We komen op een joekel van een camping waar speciaal hiker/biker plekken zijn, wij kunnen daar altijd terecht. Als de camping vol zit moeten de RV‘s wel omdraaien. Goede service!

Op de camping zien we eindelijk wat wilde dieren. Een vos heeft vier jongen, die onder de campinggebouwen spelen.

We moeten alle spullen opbergen in een bearbox. Die beesten schijnen ook wel op de camping rond te scharrelen. Ze zijn dan op zoek naar voedsel en ook komen ze op de geur van cosmetica en zeep af. Gelukkig zijn er genoeg van deze kasten beschikbaar. Is onze voortent ook eens opgeruimd. Vannacht een dubbele laag kleding aan en afwachten of onze tent verandert in een iglo.

Jackson Lake

Nog kouder

De langste dag van het jaar, het begin van de zomer en we hebben het nog nooit zo koud gehad als op deze dag. De nacht is tegen het vriespunt. We ontbijten, tegen onze gewoonte in, in de tent. Het inpakken gaat in slow motion. Als we een maal op de fiets zitten komen we er achter dat we te weinig kleding aan hebben. We trekken de regenjassen aan, doen de schoenhoezen om en met twee paar handschoenen aan is het te doen. 

We rijden langs Jackson Lake en verlaten Grand Teton National Park. We vervolgen onze route over de John D. Rockefeller Jr Parkway, een stuk niemandsland tussen de twee parken in. Ook hier zijn weer opvallend veel dode bomen.

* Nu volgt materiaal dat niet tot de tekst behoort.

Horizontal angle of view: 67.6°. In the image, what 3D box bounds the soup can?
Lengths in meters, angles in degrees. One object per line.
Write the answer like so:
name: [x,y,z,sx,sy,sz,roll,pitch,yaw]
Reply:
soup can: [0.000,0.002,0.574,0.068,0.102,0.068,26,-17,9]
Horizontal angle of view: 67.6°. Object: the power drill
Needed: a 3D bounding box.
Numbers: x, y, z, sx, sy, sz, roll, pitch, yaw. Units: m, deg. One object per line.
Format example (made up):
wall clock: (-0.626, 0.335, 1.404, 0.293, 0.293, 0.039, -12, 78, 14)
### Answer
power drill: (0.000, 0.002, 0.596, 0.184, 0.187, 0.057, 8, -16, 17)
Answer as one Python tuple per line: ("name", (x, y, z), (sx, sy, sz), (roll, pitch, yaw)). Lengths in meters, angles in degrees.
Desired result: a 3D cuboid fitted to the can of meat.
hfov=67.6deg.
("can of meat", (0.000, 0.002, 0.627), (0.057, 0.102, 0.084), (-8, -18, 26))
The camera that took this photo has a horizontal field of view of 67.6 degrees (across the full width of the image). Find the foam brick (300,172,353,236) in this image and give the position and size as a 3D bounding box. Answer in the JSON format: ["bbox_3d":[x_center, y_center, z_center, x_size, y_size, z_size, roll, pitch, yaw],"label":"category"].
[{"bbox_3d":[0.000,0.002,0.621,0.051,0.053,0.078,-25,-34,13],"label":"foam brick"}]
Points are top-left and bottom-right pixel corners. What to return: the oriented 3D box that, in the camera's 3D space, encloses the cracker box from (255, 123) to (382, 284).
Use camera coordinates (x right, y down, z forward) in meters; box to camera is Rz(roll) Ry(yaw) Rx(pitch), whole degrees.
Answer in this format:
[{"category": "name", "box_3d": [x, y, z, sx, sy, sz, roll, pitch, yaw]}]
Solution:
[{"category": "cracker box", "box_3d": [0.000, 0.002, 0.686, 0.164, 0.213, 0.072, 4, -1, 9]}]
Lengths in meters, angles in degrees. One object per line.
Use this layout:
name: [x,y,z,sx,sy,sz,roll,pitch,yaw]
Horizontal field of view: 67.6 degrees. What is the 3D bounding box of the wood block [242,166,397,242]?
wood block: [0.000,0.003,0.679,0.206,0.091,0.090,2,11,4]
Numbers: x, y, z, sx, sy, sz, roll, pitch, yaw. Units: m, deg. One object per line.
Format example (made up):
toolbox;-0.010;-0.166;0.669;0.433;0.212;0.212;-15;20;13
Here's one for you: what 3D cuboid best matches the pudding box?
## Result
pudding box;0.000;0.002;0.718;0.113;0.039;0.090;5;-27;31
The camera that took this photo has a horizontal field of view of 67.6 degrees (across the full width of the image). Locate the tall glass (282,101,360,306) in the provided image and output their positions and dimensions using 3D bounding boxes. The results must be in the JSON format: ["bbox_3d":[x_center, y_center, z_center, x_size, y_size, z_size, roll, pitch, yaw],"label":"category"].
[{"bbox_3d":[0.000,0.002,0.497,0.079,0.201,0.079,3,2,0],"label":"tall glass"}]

We hebben, wanneer we over de heuvelrug komen, een prachtig uitzicht op het landschap.

Wanneer we op een parkeerplaats veel auto’s zien staan en mensen in de rij voor een foto weten we dat we Yellowstone naderen. Iedereen wil op de foto met het beroemde bord bij de ingang.

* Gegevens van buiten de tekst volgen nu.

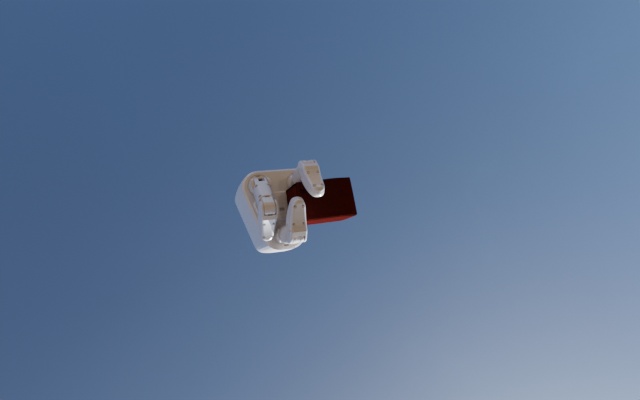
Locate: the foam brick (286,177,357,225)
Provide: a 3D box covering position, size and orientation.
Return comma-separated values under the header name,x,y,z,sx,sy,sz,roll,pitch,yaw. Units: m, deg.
name,x,y,z,sx,sy,sz,roll,pitch,yaw
foam brick,0.000,0.002,0.634,0.078,0.053,0.051,-6,-9,-19
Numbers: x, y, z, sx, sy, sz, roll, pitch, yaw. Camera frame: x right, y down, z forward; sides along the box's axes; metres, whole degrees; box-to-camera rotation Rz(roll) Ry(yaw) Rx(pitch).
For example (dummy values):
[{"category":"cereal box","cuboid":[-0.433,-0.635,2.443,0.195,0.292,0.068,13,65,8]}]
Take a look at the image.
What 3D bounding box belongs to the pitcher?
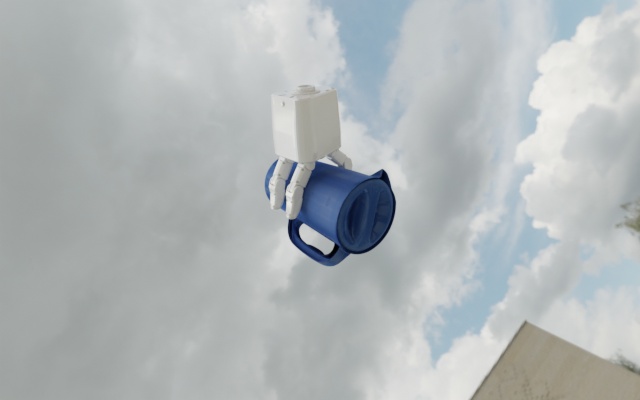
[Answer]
[{"category":"pitcher","cuboid":[0.000,0.003,0.856,0.149,0.145,0.242,-23,30,-33]}]
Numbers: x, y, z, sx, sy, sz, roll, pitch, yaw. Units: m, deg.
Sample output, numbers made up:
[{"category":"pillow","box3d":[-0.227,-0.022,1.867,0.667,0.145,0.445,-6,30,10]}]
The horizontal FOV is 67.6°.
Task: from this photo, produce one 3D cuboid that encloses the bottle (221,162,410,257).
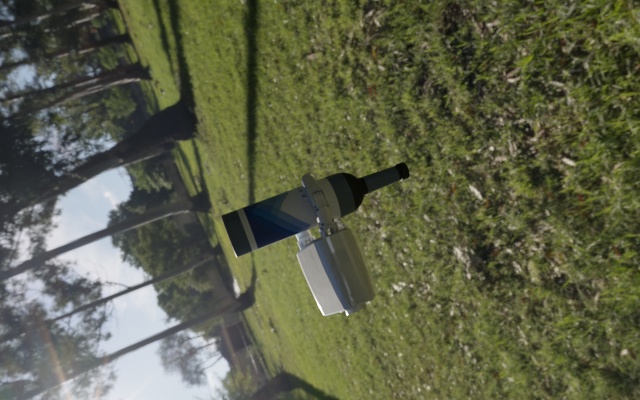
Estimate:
[{"category":"bottle","box3d":[0.000,0.002,0.732,0.295,0.069,0.069,-21,4,-11]}]
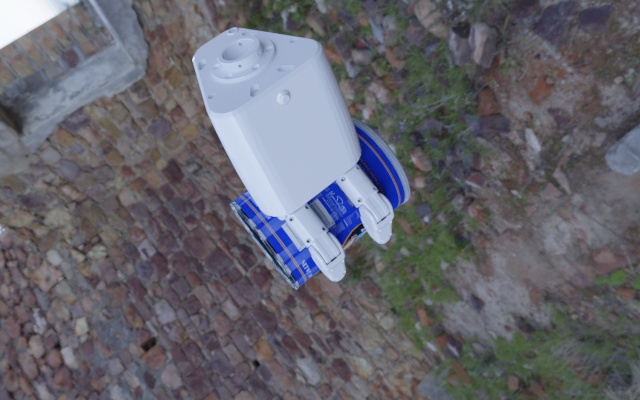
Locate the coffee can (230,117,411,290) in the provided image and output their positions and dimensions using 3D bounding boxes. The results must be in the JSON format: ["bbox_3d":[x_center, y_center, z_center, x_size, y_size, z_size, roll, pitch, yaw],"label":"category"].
[{"bbox_3d":[0.000,0.001,0.460,0.140,0.103,0.103,-38,9,-12],"label":"coffee can"}]
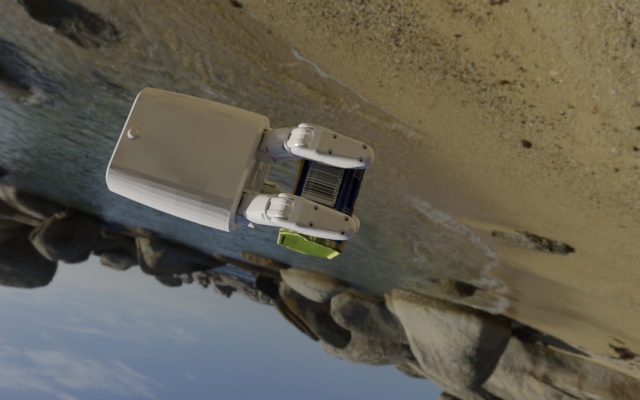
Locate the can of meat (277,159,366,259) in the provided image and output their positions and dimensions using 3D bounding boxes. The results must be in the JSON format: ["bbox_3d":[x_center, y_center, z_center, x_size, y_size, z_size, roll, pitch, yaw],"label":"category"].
[{"bbox_3d":[0.000,0.002,0.407,0.057,0.084,0.102,18,-13,-2],"label":"can of meat"}]
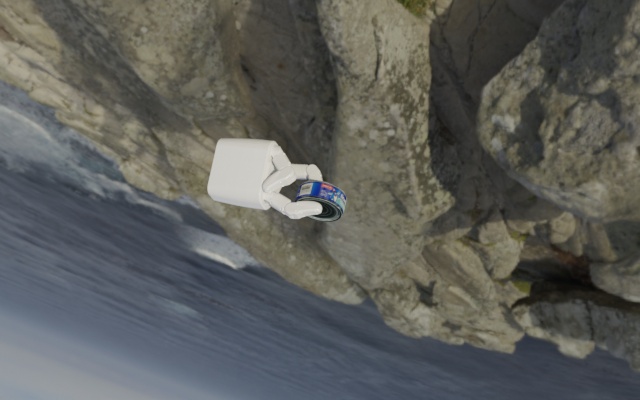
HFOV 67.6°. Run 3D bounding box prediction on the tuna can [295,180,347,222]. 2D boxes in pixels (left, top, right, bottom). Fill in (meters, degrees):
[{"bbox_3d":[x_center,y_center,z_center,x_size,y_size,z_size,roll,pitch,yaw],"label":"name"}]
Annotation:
[{"bbox_3d":[0.000,0.003,0.809,0.086,0.033,0.086,11,-28,6],"label":"tuna can"}]

De Lewis River kronkelt door het landschap, met af een toe een mooie waterval.

De weg loopt nog steeds omhoog en het uitzicht belooft prachtig te worden.

Achter ons trekt de lucht dicht en wordt grijs. Op de auto’s die ons passeren ligt sneeuw.

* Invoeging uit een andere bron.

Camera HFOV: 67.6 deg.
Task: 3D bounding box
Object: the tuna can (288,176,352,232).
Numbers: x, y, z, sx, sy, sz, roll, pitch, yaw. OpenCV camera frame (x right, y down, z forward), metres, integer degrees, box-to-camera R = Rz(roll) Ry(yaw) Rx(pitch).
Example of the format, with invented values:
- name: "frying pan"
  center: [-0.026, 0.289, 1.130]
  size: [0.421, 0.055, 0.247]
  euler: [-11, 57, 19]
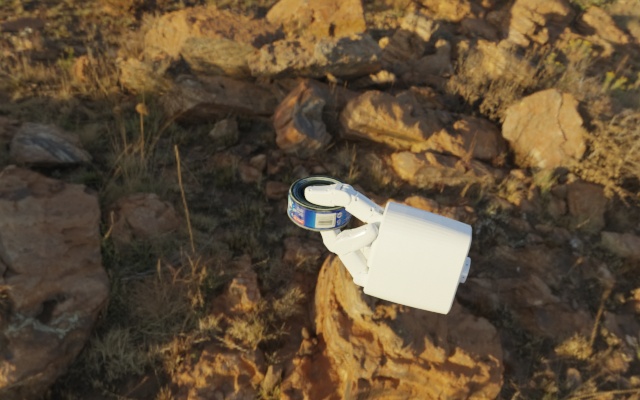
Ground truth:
- name: "tuna can"
  center: [0.000, 0.002, 0.628]
  size: [0.086, 0.034, 0.086]
  euler: [3, 34, -2]

Even later heeft de bui ons ingehaald en worden ook wij bedekt met een laag sneeuw. De kerstkaarten zijn vroeg klaar dit jaar!

We rijden voorzichtig door. Het zicht is erbarmelijk. In Yellowstone kennen ze geen vluchtstroken langs de weg. Al het vakantieverkeer, inclusief de trailercampers, moet om ons heen.

Regelmatig zijn er inhammen, waar we even kunnen kijken naar speciale uitzichtpunten zoals Moose Falls en Lewis Falls.

Op zich leuk, als het maar niet zo verrekte koud is. Zodra je met de voeten op de grond staat trekt de kou al weer op en elke keer mag je aan belangstellende Amerikanen (of een verdwaalde Nederlander) uitleggen wat we hier doen. Ook schijnt er een fantastisch uitzicht te zijn over de Red Mountains, maar door de sneeuw is het zicht nihil. We overschrijden voor de zoveelste keer de Continental Divide en bereiken Grant Village.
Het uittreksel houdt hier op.